Streaming wars: Here's why Disney won't kill Netflix

5 stunning stats about Netflix
5 stunning stats about Netflix

Disney has arguably the top library of content in the media world, much of which it will eventually take away from Netflix.

So you'd think Disney would have the best chance of any entertainment giant out there at poaching a big chunk of Netflix's more than 100 million subscribers when it launches its own streaming service in 2019.

The threat from Disney (DIS) is the reason Netflix stock fell more than 2% on Wednesday.

But should investors really be worried that Netflix will lose the streaming media crown (see what I did for you fans of the drama about Queen Elizabeth II?) to the House of Mouse?

Netflix's (NFLX) stock is still up 40% this year. And it's not as if Disney is the first company to emerge as a potential threat.

There's Hulu, which includes content from Disney as well as media rivals Fox (FOXA), Comcast's (CMCSA) NBCUniversal and Time Warner (TWX), the parent company of CNN.

These four also own stakes in Hulu. And another TV titan, CBS (CBS), now offers programming to Hulu, too.

Amazon (AMZN) is another big player in streaming media, offering movies and shows to its army of Prime subscribers. Time Warner's HBO has a subscription streaming service, as does CBS-owned Showtime.

Related: Disney to pull content from Netflix

But here's the thing. For many couch potatoes, a subscription to several of these services -- if not all of them -- might still be necessary because they all churn out original, exclusive content.

That's especially the case with Netflix.

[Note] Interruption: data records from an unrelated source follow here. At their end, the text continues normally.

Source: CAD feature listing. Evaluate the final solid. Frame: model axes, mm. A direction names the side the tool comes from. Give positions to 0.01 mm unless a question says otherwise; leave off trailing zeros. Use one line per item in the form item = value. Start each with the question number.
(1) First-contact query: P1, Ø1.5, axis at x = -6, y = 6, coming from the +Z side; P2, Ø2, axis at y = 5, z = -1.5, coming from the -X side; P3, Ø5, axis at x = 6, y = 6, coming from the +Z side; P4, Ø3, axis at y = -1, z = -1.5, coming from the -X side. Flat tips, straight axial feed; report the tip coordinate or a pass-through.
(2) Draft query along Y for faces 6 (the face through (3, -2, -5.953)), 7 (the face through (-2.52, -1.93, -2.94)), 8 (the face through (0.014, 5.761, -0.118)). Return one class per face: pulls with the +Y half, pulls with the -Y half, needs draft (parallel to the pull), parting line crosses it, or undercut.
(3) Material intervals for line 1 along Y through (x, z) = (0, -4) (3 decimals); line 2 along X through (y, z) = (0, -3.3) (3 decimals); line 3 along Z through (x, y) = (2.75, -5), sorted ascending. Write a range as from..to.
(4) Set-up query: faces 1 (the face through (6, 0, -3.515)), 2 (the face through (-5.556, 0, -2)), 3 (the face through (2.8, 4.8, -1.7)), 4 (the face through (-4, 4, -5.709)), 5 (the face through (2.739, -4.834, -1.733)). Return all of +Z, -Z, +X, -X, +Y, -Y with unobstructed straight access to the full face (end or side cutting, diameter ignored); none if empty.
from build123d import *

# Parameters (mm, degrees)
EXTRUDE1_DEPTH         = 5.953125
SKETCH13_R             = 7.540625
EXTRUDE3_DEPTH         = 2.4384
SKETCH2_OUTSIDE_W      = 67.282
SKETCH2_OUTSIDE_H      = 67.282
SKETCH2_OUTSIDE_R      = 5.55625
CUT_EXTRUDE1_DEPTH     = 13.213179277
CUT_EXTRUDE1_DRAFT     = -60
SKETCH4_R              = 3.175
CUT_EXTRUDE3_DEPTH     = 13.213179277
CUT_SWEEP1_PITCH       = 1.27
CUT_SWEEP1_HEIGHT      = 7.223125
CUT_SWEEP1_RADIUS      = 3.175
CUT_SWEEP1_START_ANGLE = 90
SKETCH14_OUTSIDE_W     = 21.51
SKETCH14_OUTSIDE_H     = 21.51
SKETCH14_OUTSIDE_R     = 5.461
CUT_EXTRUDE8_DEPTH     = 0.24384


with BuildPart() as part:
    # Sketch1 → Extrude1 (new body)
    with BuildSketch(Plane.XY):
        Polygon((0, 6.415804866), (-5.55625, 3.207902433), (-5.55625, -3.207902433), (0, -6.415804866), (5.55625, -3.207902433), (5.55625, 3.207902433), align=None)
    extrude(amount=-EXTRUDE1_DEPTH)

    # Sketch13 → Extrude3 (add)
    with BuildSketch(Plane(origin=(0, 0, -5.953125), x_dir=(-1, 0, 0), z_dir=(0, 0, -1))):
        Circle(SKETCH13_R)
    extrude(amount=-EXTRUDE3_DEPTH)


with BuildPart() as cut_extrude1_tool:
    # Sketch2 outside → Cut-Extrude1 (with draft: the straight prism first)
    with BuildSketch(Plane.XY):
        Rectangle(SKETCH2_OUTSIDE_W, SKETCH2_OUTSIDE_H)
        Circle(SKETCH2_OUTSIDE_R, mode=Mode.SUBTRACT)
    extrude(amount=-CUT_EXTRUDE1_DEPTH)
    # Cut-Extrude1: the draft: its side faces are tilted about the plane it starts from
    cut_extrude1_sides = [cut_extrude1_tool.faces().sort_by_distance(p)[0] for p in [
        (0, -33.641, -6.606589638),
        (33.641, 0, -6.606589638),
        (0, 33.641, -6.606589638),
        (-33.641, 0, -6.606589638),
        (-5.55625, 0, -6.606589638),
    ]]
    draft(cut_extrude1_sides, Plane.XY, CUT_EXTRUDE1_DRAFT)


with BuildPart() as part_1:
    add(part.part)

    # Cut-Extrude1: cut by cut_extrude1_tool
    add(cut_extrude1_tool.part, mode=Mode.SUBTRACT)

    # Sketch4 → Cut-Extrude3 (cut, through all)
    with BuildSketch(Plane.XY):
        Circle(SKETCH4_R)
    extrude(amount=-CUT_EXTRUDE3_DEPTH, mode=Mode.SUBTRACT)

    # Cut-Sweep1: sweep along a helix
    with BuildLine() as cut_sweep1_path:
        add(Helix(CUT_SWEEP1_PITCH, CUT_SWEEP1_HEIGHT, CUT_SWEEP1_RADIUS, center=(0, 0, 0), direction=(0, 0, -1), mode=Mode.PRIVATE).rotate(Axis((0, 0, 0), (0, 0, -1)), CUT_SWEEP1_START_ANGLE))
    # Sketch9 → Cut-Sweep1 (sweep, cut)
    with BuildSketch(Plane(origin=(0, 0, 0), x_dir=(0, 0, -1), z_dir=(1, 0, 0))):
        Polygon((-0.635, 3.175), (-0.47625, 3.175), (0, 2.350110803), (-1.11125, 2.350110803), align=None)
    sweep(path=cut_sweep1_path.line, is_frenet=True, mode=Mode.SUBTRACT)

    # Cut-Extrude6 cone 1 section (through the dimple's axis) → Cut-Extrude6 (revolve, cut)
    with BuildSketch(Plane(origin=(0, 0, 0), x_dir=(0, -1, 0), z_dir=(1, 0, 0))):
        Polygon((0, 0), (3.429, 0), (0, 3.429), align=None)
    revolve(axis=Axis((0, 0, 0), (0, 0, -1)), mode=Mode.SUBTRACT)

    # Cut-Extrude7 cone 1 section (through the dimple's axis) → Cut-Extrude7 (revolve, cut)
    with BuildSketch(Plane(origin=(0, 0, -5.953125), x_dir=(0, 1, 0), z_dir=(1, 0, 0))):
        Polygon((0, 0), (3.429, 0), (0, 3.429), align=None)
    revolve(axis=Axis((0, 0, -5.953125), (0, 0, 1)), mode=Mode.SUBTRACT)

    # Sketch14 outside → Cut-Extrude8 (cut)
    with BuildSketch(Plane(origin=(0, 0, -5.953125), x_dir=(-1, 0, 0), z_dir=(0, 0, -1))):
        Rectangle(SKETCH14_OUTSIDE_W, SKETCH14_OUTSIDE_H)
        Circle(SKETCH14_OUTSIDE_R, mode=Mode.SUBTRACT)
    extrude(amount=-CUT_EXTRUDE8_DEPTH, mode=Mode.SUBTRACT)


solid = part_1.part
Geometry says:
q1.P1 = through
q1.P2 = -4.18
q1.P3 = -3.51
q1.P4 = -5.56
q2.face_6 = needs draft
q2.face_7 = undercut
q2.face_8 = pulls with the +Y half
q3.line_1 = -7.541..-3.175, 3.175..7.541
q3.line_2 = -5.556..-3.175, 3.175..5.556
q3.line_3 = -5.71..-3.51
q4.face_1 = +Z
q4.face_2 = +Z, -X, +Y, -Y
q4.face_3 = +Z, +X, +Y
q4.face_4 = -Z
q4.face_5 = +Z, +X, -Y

Disney won't have "House of Cards," "Orange is the New Black" or "Stranger Things."

You won't find David Letterman's new show on Hulu. He just signed with Netflix. (I hope Stupid Buffering Tricks becomes a regular segment.) Even Jerry Seinfeld is moving his buzzy "Comedians in Cars Getting Coffee" from Sony's (SNE) Crackle to Netflix.

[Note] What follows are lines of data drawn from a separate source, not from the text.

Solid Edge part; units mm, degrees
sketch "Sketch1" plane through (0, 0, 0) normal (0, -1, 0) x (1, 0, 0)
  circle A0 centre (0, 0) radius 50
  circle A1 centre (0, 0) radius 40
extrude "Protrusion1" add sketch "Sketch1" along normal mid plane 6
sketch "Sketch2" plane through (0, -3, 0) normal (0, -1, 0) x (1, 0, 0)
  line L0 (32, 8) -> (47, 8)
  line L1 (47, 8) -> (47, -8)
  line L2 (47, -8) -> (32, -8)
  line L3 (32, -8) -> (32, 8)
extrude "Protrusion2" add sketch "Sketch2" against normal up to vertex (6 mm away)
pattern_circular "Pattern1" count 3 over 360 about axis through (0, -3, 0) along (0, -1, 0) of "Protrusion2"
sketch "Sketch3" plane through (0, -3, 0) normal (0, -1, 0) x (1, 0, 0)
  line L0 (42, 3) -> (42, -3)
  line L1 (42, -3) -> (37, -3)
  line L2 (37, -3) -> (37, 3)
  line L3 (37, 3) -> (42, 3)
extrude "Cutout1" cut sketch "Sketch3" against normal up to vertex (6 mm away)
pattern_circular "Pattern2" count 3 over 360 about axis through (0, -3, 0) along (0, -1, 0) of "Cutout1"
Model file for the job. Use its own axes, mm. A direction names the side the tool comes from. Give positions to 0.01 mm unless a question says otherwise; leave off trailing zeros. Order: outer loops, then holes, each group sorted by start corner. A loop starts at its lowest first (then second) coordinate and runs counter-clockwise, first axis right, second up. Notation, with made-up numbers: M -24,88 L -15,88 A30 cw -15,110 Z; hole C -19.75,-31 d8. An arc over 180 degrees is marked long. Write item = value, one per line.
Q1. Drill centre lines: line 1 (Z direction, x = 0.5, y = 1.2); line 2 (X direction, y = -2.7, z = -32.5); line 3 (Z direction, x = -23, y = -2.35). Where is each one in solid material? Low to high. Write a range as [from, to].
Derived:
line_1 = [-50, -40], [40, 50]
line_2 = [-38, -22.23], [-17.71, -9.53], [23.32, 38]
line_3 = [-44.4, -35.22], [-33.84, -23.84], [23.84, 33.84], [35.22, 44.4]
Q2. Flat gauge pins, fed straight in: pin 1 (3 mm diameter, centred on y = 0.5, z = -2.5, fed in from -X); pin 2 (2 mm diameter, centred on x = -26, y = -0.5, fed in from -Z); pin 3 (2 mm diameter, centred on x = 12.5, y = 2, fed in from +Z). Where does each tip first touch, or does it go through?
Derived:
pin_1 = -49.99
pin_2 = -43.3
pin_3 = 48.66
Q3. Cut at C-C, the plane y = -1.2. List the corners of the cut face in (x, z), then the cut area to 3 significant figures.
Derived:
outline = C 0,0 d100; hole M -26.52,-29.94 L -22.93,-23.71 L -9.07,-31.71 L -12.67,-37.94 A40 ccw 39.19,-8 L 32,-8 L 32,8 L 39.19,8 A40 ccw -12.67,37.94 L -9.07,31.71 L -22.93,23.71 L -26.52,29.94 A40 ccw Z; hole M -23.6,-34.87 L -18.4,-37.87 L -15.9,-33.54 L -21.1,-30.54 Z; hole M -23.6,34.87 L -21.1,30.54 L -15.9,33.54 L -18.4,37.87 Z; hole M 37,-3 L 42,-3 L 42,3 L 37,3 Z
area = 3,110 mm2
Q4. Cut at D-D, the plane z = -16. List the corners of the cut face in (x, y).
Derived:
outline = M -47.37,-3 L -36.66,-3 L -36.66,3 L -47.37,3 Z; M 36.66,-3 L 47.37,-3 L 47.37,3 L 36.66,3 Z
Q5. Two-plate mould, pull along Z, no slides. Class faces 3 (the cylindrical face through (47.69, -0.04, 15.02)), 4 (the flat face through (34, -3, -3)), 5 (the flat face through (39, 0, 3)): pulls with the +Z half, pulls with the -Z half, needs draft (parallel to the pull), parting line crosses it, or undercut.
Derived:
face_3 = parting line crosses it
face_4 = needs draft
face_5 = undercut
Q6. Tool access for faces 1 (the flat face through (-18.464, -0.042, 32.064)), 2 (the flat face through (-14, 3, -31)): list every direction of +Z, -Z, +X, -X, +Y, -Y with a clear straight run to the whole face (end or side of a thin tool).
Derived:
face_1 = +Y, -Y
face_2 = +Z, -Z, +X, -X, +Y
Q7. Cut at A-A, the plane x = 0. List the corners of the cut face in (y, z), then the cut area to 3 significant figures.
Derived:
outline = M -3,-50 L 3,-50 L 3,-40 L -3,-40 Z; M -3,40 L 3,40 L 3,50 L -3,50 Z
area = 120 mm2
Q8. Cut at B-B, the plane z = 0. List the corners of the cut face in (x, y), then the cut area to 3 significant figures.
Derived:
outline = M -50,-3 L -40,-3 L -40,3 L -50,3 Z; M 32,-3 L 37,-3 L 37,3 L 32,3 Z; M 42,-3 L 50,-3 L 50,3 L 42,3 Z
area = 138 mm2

It's important to remember that Netflix also has original shows that are produced by other big media companies. And Hollywood studios may decide they would rather put their content on their own platforms than on Netflix.

For example, Disney owns Marvel comics, and it's not clear whether "Daredevil," "Jessica Jones," "Luke Cage" and "Iron Fist," all based on Marvel characters, will stay on Netflix or move to the new Disney service.

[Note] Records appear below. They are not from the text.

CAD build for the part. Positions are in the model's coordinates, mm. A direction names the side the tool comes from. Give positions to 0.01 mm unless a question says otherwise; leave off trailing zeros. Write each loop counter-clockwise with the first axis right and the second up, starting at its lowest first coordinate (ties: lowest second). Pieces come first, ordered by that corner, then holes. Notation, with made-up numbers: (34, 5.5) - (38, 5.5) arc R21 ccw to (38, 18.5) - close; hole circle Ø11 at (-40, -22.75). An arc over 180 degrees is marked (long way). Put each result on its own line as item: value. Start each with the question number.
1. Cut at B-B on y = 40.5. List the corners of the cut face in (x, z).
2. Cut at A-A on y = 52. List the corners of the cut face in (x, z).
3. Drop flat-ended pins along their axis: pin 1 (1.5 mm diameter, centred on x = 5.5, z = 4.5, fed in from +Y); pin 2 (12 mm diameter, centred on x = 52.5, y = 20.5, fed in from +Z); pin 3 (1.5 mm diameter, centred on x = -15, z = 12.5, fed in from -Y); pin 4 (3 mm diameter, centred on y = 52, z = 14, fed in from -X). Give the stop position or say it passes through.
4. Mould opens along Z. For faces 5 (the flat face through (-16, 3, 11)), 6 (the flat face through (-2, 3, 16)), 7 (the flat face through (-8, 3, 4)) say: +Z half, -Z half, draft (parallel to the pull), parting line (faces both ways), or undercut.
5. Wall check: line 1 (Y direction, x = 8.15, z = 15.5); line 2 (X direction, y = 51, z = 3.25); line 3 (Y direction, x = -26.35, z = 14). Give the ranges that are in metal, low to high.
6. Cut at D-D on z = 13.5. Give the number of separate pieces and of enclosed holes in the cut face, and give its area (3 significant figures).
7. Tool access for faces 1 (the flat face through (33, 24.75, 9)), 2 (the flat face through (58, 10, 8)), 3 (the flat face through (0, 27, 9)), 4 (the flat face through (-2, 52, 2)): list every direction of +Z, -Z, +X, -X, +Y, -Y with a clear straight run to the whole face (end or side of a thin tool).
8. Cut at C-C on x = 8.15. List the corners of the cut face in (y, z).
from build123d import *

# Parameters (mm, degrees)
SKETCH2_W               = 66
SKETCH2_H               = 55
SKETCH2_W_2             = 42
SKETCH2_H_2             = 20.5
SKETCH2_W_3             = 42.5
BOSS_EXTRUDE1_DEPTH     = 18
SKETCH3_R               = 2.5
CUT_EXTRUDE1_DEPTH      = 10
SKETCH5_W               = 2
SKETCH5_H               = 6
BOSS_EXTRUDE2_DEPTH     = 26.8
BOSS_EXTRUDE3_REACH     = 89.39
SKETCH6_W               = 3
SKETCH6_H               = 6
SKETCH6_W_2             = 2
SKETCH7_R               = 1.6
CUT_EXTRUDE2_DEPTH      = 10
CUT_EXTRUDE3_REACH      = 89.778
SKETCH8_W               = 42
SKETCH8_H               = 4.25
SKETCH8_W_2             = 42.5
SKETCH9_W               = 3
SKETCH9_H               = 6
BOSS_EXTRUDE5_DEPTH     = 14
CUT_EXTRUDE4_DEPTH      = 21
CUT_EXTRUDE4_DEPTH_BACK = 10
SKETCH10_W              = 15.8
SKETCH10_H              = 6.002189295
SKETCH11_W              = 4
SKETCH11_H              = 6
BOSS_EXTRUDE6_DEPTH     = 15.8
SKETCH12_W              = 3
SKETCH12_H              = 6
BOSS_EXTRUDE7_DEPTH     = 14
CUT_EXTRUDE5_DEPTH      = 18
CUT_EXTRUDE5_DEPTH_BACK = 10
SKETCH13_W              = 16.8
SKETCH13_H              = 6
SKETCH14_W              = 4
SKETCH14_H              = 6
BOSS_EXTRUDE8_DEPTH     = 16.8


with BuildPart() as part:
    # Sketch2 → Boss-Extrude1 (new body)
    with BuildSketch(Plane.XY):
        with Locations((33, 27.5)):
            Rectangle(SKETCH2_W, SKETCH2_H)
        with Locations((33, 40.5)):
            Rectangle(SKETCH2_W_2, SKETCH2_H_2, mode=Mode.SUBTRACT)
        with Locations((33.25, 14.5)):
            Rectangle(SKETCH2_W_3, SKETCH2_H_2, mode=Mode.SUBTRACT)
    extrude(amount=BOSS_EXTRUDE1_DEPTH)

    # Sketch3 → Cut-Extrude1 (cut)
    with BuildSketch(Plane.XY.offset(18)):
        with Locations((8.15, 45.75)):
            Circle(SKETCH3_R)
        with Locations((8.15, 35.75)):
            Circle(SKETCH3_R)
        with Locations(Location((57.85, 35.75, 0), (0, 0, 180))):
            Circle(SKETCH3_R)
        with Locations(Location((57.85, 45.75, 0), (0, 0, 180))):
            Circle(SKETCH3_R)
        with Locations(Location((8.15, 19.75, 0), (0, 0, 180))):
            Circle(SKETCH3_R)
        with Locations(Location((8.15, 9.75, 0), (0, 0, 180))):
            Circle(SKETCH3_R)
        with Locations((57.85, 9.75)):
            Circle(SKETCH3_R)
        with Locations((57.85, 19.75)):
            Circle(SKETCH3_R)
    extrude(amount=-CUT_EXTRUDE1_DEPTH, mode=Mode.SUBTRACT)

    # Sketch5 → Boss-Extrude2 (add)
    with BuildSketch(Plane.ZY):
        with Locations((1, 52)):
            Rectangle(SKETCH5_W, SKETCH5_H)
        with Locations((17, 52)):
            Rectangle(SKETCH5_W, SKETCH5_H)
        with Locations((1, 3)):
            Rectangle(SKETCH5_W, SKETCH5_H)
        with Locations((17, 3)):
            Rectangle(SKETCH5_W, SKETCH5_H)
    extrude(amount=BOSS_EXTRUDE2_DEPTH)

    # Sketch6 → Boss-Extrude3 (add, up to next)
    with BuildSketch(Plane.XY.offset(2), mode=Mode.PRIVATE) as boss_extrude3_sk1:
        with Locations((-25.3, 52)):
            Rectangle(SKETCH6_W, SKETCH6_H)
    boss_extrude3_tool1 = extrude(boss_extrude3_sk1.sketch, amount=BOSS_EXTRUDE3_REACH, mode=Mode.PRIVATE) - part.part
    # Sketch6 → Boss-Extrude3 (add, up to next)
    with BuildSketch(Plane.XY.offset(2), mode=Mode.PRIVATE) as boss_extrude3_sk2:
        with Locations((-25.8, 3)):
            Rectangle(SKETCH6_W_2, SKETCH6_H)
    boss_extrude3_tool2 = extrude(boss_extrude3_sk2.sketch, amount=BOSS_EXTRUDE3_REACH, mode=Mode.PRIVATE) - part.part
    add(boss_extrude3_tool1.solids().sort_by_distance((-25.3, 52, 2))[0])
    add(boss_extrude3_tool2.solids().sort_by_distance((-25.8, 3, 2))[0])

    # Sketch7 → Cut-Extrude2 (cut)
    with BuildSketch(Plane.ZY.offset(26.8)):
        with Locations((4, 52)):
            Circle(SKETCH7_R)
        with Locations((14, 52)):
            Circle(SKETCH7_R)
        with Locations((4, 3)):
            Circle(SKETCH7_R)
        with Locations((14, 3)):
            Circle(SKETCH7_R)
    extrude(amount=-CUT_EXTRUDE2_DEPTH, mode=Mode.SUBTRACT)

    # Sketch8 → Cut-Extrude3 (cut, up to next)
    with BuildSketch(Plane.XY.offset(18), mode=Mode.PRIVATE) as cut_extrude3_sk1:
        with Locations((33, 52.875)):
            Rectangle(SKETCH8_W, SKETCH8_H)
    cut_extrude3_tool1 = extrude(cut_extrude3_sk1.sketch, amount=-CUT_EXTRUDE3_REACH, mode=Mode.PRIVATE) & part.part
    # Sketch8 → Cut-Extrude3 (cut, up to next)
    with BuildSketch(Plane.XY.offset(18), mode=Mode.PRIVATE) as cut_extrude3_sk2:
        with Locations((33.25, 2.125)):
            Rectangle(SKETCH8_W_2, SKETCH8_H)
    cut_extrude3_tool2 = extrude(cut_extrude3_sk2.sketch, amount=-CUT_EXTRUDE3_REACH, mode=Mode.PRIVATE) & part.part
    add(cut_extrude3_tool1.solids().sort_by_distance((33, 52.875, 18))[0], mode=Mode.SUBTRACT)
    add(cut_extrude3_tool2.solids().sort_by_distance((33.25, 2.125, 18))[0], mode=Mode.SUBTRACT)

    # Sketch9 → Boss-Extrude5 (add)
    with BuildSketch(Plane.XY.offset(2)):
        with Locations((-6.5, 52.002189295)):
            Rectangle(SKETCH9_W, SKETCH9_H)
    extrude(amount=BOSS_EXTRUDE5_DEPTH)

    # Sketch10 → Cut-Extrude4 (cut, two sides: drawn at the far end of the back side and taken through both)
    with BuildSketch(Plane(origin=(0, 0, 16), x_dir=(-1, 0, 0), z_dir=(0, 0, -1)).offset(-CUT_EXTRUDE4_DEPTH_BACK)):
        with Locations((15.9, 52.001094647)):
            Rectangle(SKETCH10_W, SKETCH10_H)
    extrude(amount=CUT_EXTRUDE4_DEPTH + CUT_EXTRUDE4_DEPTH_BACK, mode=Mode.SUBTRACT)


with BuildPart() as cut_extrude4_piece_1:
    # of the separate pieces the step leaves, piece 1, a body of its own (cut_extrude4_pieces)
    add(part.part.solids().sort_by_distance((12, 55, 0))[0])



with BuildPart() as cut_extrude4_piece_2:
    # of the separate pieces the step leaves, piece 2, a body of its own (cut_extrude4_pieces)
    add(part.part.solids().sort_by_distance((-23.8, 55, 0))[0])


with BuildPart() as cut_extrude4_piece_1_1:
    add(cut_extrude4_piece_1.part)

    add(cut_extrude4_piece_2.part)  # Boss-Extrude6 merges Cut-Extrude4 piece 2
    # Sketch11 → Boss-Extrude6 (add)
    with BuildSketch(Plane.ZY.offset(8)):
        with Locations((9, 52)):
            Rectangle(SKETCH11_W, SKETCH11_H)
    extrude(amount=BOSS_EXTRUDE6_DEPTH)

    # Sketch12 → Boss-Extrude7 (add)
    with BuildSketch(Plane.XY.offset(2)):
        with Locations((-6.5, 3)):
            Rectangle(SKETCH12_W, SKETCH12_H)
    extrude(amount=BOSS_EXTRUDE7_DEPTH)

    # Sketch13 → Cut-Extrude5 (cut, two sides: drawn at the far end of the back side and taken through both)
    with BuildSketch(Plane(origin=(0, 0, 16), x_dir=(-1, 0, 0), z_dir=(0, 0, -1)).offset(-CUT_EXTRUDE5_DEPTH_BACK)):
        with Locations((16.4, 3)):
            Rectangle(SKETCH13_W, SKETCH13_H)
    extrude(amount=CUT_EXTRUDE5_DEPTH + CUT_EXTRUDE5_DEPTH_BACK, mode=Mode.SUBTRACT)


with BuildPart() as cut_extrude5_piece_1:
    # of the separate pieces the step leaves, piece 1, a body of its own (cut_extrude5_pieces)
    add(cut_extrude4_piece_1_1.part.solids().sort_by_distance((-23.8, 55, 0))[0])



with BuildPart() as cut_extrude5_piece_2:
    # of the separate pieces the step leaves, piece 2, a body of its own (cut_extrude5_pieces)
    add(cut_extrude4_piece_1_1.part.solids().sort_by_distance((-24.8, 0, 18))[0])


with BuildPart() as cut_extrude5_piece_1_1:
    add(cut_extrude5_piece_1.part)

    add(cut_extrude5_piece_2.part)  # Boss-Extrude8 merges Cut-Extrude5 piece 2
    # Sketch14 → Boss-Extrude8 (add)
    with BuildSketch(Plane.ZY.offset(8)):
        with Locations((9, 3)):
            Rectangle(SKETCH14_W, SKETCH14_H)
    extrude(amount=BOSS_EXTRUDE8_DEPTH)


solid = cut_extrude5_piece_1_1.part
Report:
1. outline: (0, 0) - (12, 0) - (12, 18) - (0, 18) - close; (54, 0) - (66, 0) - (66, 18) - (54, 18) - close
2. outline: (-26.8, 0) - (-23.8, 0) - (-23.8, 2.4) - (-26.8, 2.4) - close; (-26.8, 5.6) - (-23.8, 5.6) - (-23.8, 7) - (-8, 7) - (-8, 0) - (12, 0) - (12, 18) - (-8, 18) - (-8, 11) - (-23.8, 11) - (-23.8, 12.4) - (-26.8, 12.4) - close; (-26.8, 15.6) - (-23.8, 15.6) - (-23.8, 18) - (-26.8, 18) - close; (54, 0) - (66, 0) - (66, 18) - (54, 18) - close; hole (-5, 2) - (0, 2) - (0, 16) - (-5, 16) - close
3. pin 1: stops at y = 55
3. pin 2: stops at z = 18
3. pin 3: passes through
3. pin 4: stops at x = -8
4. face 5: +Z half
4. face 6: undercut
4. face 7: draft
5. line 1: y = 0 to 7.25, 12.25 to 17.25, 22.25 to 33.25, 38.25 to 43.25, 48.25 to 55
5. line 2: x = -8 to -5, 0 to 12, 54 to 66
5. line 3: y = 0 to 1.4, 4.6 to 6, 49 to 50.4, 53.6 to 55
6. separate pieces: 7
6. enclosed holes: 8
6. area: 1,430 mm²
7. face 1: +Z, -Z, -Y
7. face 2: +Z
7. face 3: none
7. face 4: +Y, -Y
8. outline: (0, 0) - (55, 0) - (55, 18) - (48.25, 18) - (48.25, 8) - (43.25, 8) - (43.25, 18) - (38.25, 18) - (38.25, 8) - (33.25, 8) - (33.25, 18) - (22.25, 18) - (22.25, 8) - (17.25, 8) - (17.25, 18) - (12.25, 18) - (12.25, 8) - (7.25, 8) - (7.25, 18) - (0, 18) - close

"The Defenders," a new show that brings these four together, will premiere on Netflix on August 18.

The other streaming companies also realize they need their own hits to attract subscribers. Want to watch the dystopian nightmare that is "The Handmaid's Tale?" You need Hulu.

Amazon is home to the award-winning "Transparent" as well as "Sneaky Pete" and "Mozart in the Jungle."

And you won't find "Game of Thrones" streaming anywhere but HBO Go or the Internet-only subscription service HBO Now.

But Netflix also might be hedging its bets. It made its first acquisition this week, buying comic book publisher Millarworld.

That's why Bruce Springsteen might need to update his 1992 song about the lack of good shows on TV. Forget about "57 Channels (And Nothin' On.)"

These days, the Boss could sing about how there are 57 streaming services -- and that there's too much to watch.